**TASK GOAL**
List, from the lines below, each one with "geography" in it.

**INPUT DATA**
== Segment start ==

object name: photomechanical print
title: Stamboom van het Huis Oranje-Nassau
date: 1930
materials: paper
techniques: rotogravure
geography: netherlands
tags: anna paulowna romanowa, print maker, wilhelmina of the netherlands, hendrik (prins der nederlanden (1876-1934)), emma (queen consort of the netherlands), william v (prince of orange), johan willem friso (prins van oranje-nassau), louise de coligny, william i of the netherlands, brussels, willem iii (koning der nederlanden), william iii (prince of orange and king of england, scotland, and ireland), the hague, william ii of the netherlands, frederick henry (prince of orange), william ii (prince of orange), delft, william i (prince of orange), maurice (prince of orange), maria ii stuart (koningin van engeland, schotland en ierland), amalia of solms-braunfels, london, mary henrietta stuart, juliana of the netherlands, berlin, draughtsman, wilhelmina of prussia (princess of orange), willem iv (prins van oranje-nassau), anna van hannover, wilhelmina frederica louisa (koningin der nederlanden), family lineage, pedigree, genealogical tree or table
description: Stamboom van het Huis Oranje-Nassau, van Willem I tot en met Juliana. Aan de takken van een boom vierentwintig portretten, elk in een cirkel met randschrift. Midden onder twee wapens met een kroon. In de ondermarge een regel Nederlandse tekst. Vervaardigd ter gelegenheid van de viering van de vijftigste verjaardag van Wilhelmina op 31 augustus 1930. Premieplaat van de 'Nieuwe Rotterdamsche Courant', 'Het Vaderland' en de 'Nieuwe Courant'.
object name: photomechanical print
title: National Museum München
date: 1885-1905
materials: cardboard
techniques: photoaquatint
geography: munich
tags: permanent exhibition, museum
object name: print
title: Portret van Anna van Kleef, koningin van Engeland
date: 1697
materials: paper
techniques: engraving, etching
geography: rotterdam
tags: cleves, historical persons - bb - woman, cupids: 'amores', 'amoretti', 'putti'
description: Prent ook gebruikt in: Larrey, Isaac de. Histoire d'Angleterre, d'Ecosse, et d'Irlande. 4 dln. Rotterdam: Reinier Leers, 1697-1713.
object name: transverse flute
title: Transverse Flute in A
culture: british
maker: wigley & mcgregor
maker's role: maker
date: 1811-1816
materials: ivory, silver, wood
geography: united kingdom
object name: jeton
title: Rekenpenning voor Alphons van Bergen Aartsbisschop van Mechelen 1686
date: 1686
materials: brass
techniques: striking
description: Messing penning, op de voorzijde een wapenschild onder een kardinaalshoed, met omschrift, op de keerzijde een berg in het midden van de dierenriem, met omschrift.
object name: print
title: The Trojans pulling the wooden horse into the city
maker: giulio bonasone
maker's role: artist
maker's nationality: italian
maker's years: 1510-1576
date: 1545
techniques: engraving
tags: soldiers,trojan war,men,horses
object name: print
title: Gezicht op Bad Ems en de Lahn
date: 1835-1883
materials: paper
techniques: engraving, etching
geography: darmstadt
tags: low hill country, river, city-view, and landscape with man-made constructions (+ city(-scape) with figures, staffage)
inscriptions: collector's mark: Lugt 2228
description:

== Segment end ==

**ANSWER SPACE**
geography: netherlands
geography: munich
geography: rotterdam
geography: united kingdom
geography: darmstadt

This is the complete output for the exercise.